The problem:
Your answer must be the lines from the start of the records through the line with "Answer: Providing educational", exactly as written, without the pictures.

Saved entries:
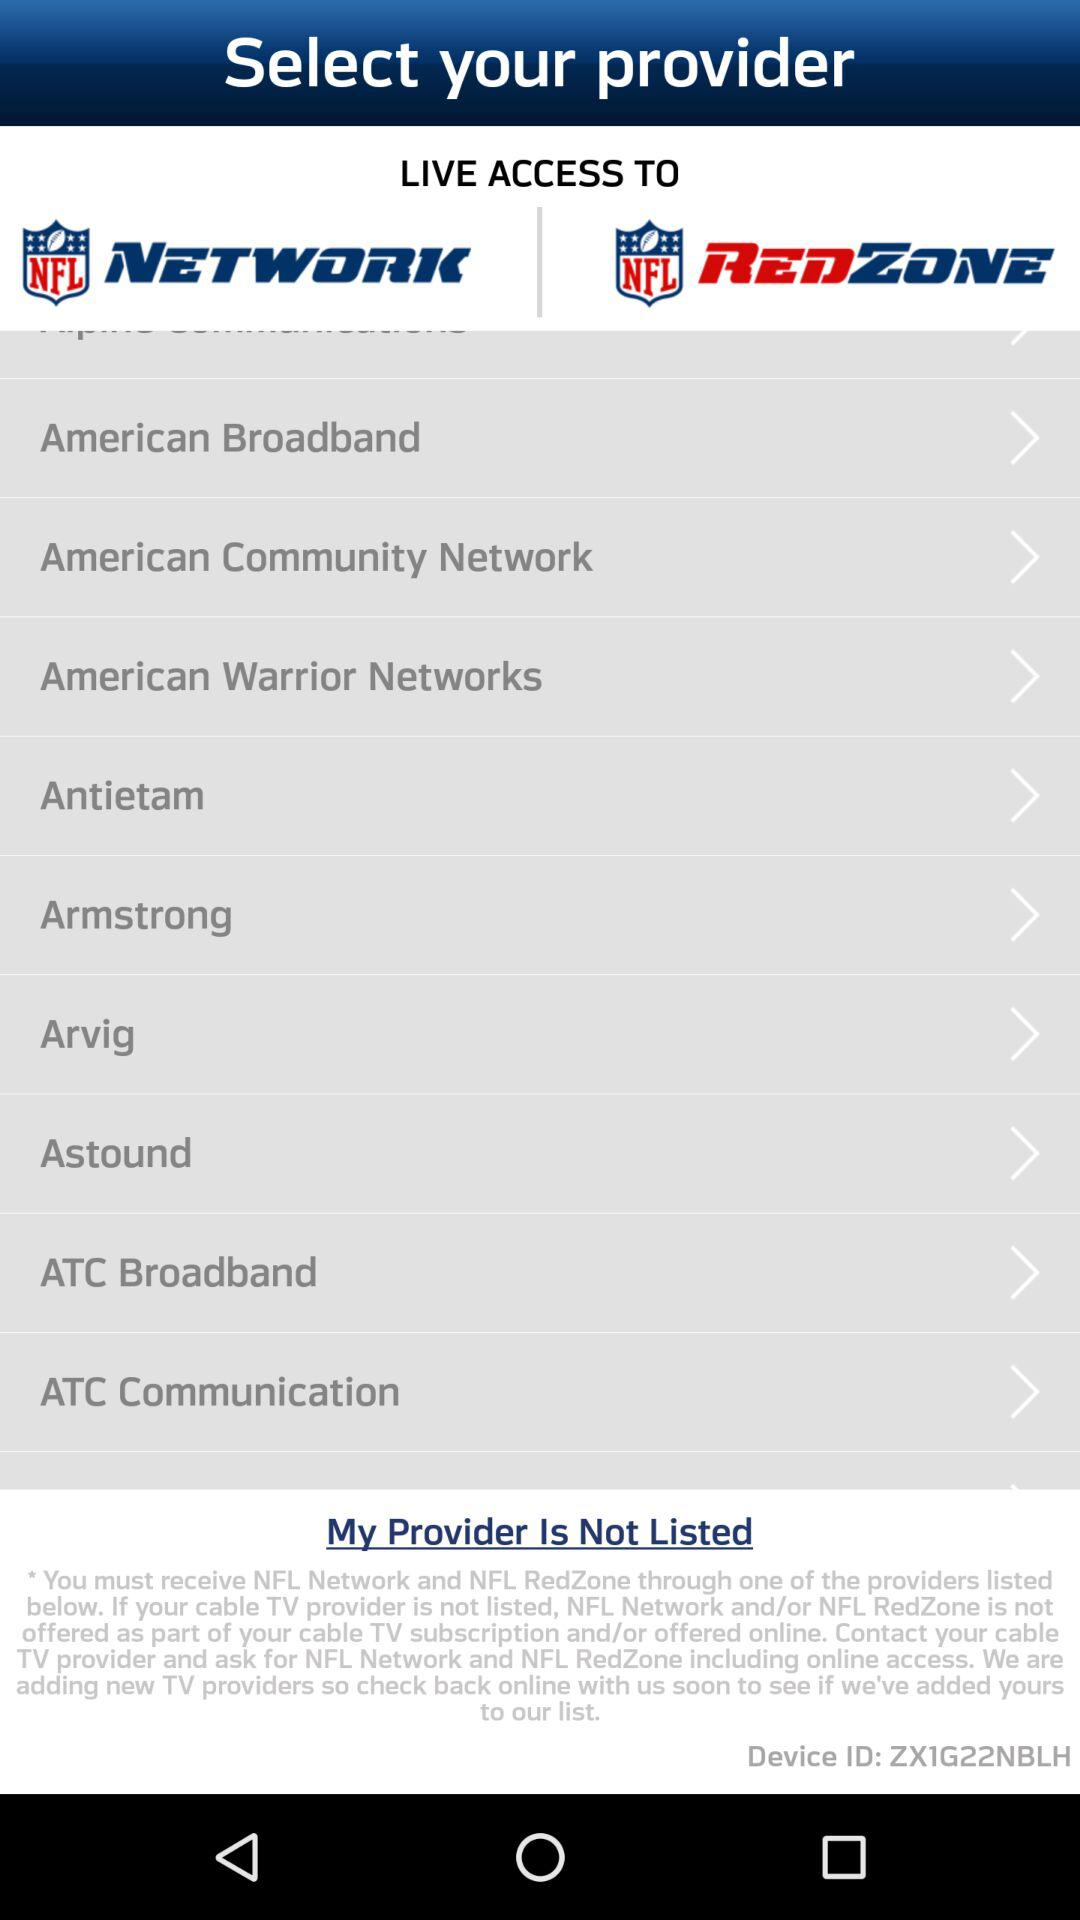Which broadband provider provides live access? The broadband providers that provide live access are "American Broadband", "American Community Network", "American Warrior Networks", "Antietam", "Armstrong", "Arvig", "Astound", "ATC Broadband" and "ATC Communication". 
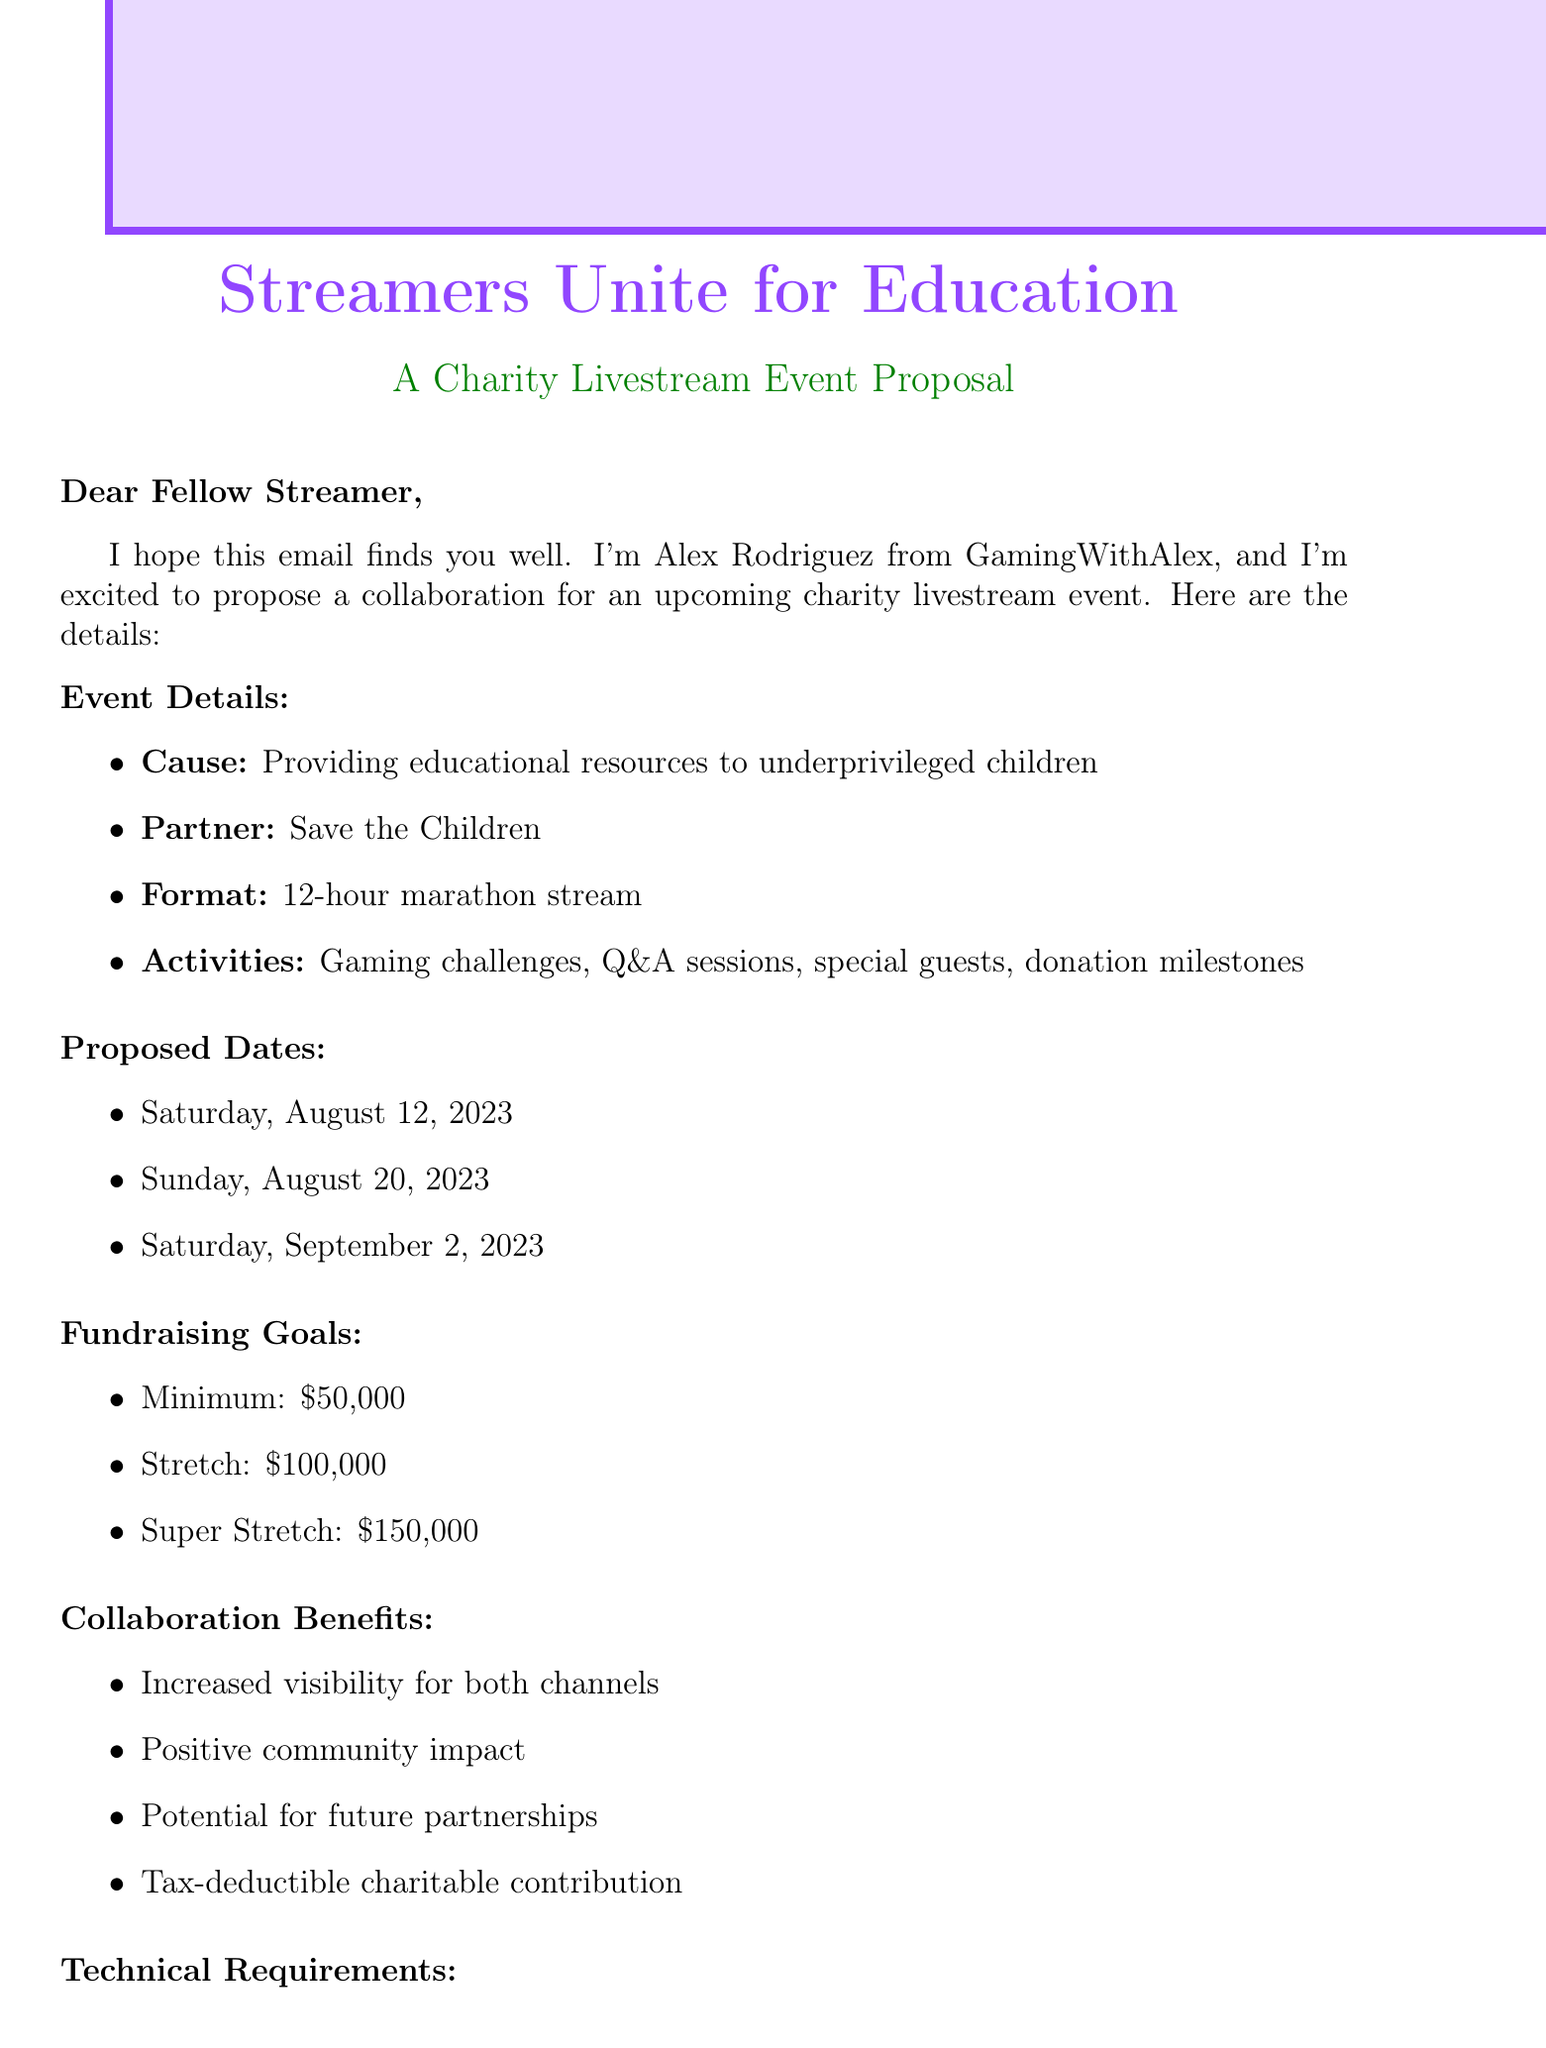What is the name of the event? The event name is explicitly mentioned in the document.
Answer: Streamers Unite for Education What is the cause of the charity livestream? The document states the purpose of the charity livestream event clearly.
Answer: Providing educational resources to underprivileged children Who is the partner organization for the event? The document directly references the partner organization involved in the event.
Answer: Save the Children What is the minimum fundraising goal? The document specifies the different fundraising goals set for the event.
Answer: 50000 What are the proposed dates for the event? The document lists three possible dates for the event.
Answer: Saturday, August 12, 2023 What is one of the collaboration benefits? The document outlines several benefits for both streamers involved in the collaboration.
Answer: Increased visibility for both channels What is the duration of the livestream? The document provides the length of the proposed livestream format clearly.
Answer: 12-hour marathon What platform will the livestream be on? The technical requirements section of the document specifies the platform used for the stream.
Answer: Twitch What is the next step after confirming interest? The document outlines the sequential steps to be taken after confirming interest.
Answer: Schedule a planning call What are the additional tools mentioned in the technical requirements? The document mentions tools that will be necessary for the event.
Answer: Discord for communication, Tiltify for donation tracking 
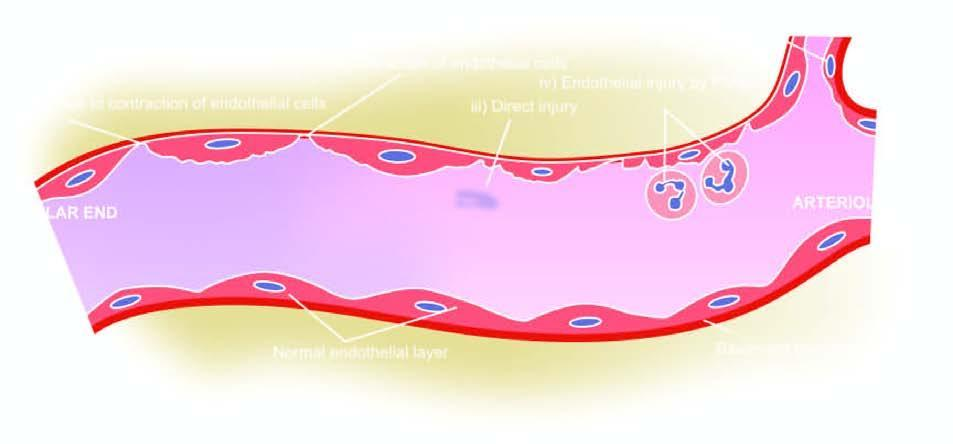what correspond to five numbers in the text?
Answer the question using a single word or phrase. The serial numbers in the figure 
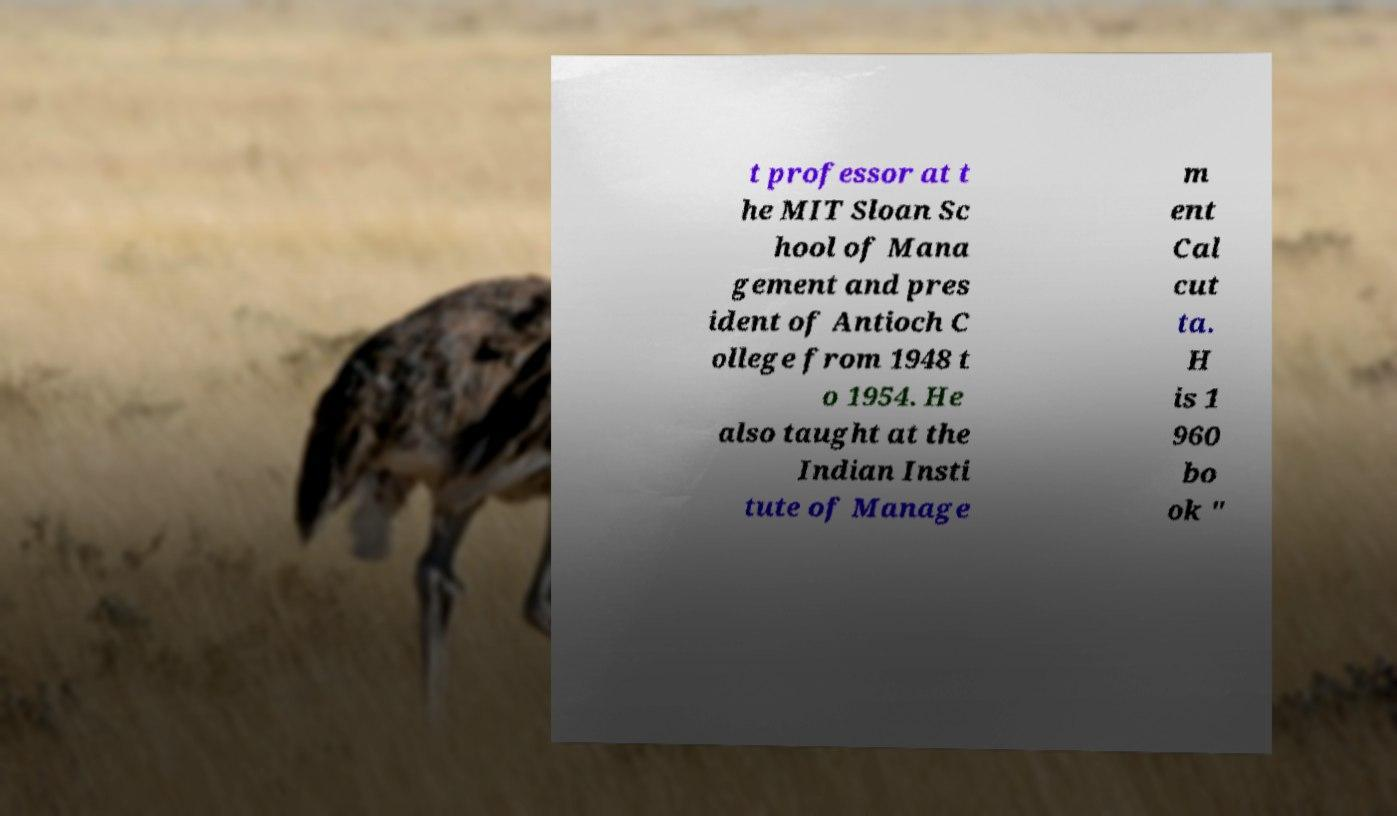For documentation purposes, I need the text within this image transcribed. Could you provide that? t professor at t he MIT Sloan Sc hool of Mana gement and pres ident of Antioch C ollege from 1948 t o 1954. He also taught at the Indian Insti tute of Manage m ent Cal cut ta. H is 1 960 bo ok "

Written answer:
Which broadband provider provides live access? The broadband providers that provide live access are "American Broadband", "American Community Network", "American Warrior Networks", "Antietam", "Armstrong", "Arvig", "Astound", "ATC Broadband" and "ATC Communication". 
What is the name of the event? The event name is explicitly mentioned in the document.
Answer: Streamers Unite for Education What is the cause of the charity livestream? The document states the purpose of the charity livestream event clearly.
Answer: Providing educational resources to underprivileged children Who is the partner organization for the event? The document directly references the partner organization involved in the event.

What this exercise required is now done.